[Records contained in a dataset]
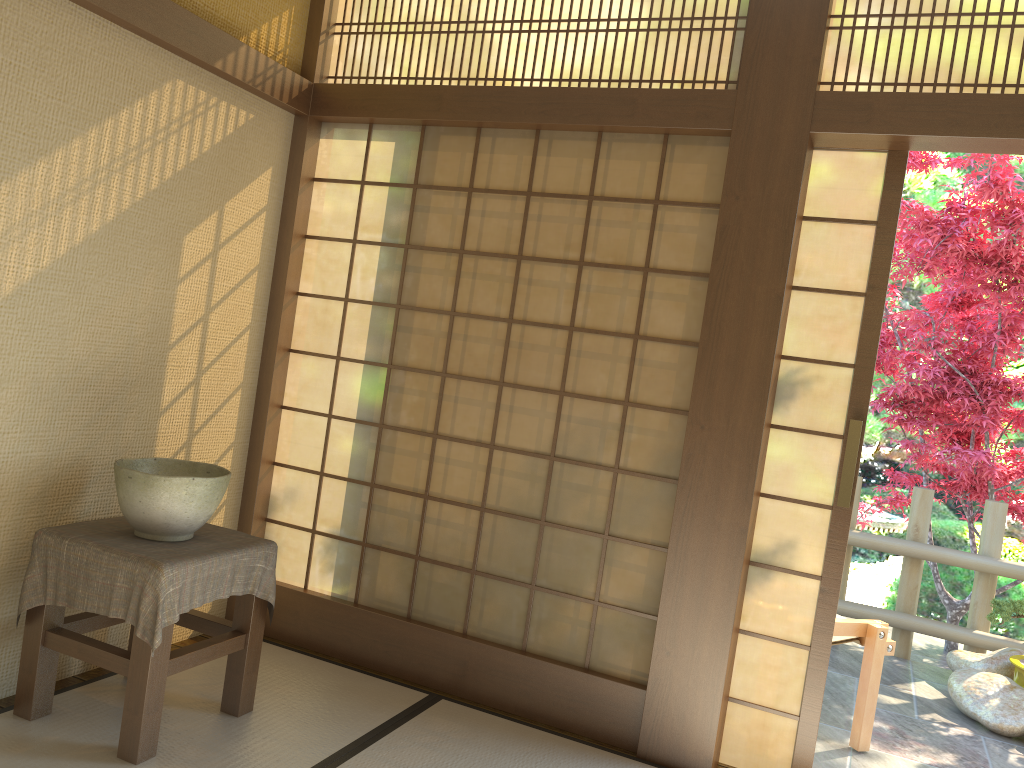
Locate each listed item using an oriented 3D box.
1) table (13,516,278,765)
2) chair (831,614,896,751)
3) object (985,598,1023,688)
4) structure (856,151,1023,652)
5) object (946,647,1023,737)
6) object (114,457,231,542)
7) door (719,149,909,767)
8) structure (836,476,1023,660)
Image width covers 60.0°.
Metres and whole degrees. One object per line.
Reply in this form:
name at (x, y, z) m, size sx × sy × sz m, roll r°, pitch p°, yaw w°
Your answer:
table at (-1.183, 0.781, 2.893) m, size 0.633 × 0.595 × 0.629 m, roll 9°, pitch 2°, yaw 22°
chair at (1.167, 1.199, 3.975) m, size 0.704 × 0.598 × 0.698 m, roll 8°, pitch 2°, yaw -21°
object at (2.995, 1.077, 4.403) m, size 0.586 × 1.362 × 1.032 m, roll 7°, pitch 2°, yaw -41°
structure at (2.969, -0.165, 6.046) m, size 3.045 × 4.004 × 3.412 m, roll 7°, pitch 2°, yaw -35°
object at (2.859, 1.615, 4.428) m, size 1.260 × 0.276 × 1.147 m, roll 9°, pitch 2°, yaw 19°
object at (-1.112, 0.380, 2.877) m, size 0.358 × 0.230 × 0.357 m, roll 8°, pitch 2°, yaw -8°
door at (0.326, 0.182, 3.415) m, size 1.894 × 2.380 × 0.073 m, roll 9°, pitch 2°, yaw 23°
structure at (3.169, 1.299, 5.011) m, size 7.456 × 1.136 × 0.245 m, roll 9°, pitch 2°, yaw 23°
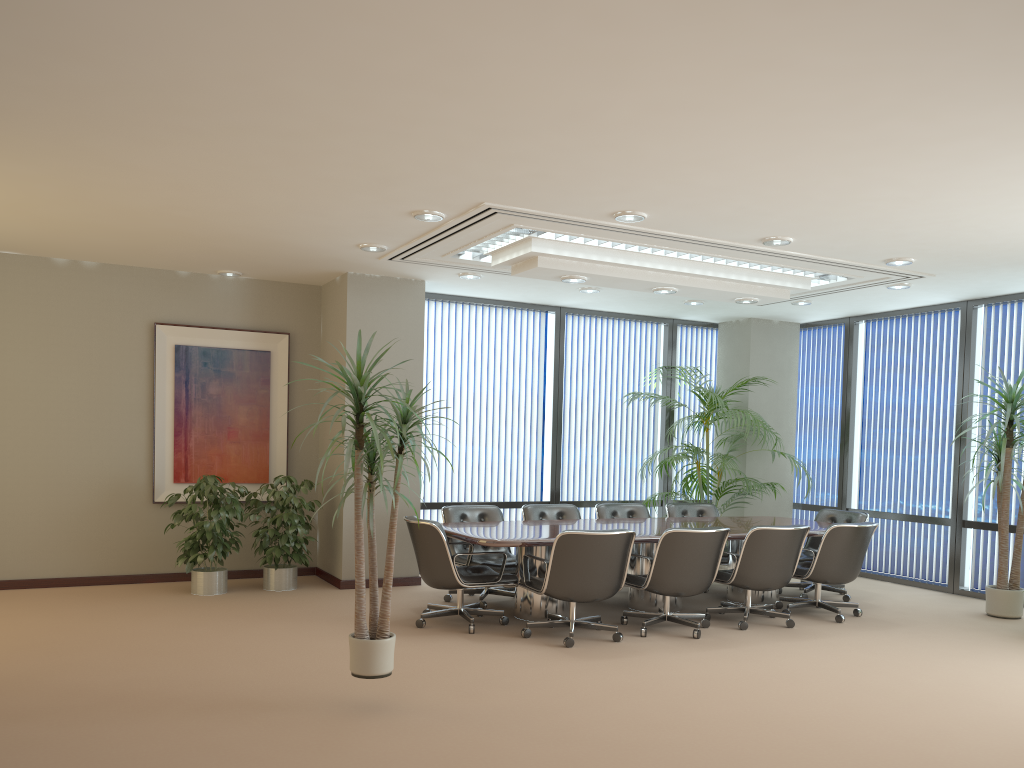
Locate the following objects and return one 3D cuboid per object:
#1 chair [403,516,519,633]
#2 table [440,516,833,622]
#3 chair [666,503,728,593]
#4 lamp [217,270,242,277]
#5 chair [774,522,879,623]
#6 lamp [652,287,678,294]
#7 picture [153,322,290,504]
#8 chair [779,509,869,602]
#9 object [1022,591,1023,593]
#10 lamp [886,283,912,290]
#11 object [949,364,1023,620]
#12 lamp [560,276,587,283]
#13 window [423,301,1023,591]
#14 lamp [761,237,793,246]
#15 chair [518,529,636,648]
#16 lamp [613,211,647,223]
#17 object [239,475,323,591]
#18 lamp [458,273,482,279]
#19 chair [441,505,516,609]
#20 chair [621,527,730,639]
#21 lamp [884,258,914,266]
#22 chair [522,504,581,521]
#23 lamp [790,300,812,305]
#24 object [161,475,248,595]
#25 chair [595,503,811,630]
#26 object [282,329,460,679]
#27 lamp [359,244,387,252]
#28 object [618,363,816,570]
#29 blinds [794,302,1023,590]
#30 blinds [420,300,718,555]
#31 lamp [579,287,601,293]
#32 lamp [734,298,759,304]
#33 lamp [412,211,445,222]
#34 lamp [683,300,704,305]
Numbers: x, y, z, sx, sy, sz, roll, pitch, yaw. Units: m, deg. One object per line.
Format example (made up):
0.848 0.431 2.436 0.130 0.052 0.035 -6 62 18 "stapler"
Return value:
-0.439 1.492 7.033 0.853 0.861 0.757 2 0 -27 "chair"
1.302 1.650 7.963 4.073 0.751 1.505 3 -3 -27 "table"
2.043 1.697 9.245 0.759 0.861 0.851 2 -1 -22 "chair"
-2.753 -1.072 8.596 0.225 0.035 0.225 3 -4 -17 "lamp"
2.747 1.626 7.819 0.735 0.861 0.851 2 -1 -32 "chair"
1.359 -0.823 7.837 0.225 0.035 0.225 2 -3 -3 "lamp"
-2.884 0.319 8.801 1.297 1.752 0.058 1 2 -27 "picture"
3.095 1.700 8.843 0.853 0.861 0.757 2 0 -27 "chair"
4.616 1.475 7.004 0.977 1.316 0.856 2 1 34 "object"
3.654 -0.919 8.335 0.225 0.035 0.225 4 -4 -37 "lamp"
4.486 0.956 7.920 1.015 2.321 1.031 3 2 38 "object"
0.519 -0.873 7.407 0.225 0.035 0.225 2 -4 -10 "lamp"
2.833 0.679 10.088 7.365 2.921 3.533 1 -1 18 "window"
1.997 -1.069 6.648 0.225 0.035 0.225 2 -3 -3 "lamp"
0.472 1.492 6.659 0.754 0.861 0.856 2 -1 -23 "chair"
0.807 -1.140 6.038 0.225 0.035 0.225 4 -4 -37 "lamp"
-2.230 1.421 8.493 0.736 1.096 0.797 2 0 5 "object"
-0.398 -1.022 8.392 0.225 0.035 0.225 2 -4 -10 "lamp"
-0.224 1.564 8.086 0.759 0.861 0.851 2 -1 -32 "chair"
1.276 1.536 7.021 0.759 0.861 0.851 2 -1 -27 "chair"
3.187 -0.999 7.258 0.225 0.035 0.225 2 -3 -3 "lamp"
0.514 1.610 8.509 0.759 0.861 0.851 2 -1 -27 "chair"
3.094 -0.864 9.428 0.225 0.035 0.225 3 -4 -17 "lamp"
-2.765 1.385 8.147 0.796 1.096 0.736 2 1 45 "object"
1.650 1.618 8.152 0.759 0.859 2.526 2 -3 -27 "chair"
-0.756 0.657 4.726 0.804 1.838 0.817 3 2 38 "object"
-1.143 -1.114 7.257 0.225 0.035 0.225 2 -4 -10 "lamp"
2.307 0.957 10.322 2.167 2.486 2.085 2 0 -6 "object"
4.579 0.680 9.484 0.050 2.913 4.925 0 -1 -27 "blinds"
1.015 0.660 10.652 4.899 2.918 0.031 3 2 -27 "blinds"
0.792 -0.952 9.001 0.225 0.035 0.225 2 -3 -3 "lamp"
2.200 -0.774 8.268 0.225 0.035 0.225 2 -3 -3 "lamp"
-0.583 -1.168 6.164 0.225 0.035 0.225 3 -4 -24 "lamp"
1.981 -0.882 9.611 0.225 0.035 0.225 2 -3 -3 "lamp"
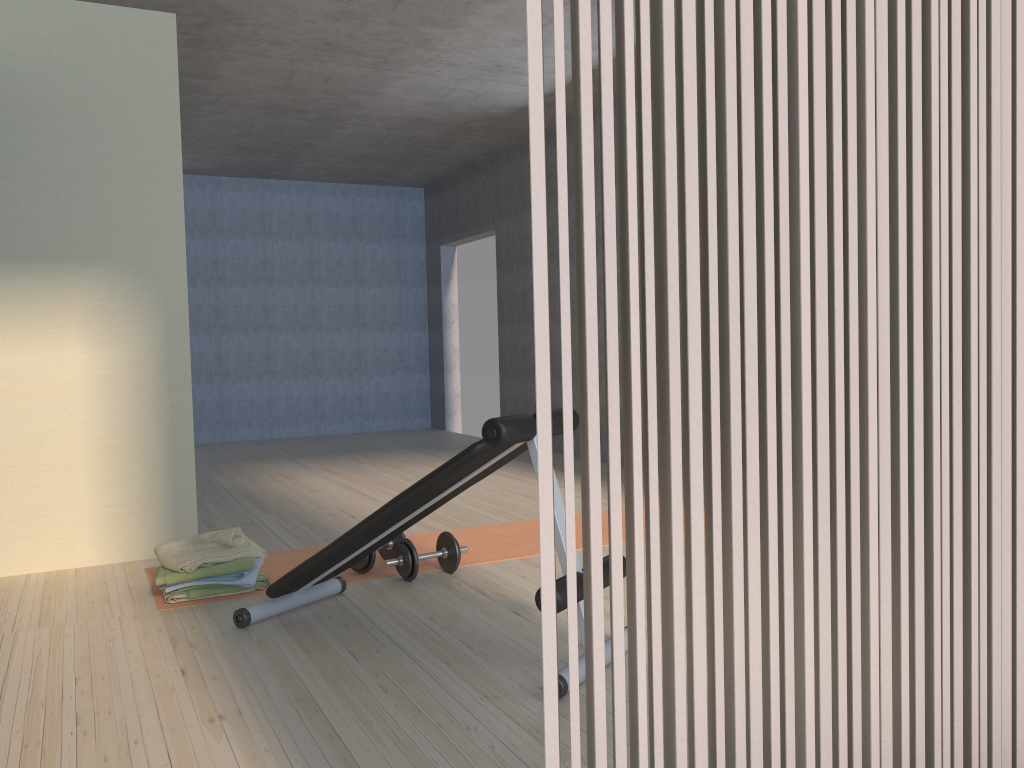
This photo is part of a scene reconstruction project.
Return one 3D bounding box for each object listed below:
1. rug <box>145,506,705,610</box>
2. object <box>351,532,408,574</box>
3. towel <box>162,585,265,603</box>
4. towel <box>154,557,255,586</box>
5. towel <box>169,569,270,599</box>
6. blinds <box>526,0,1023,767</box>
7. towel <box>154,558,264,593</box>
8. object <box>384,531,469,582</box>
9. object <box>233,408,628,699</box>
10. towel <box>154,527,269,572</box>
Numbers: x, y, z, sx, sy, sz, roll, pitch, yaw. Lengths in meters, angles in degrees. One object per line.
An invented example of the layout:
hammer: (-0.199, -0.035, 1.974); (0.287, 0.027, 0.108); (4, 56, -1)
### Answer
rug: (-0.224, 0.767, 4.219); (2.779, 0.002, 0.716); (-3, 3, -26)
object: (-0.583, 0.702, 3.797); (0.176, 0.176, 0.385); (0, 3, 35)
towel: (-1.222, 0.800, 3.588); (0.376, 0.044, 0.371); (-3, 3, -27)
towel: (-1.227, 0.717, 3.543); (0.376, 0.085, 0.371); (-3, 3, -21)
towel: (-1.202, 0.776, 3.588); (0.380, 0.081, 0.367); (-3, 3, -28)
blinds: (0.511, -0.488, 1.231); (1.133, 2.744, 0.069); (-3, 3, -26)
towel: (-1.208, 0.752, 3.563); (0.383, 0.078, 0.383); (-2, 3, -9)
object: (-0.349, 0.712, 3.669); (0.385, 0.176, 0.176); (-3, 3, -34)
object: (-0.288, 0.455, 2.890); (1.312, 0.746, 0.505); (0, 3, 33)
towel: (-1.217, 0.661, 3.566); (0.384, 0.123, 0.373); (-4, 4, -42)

THE PROBLEM -
Lines that contain "degrees" are to be copied from the records above.

EXERCISE ANSWER -
Metres and whole degrees. One object per line.
Numbers: x, y, z, sx, sy, sz, roll, pitch, yaw. Lengths in meters, angles in degrees. One object per line.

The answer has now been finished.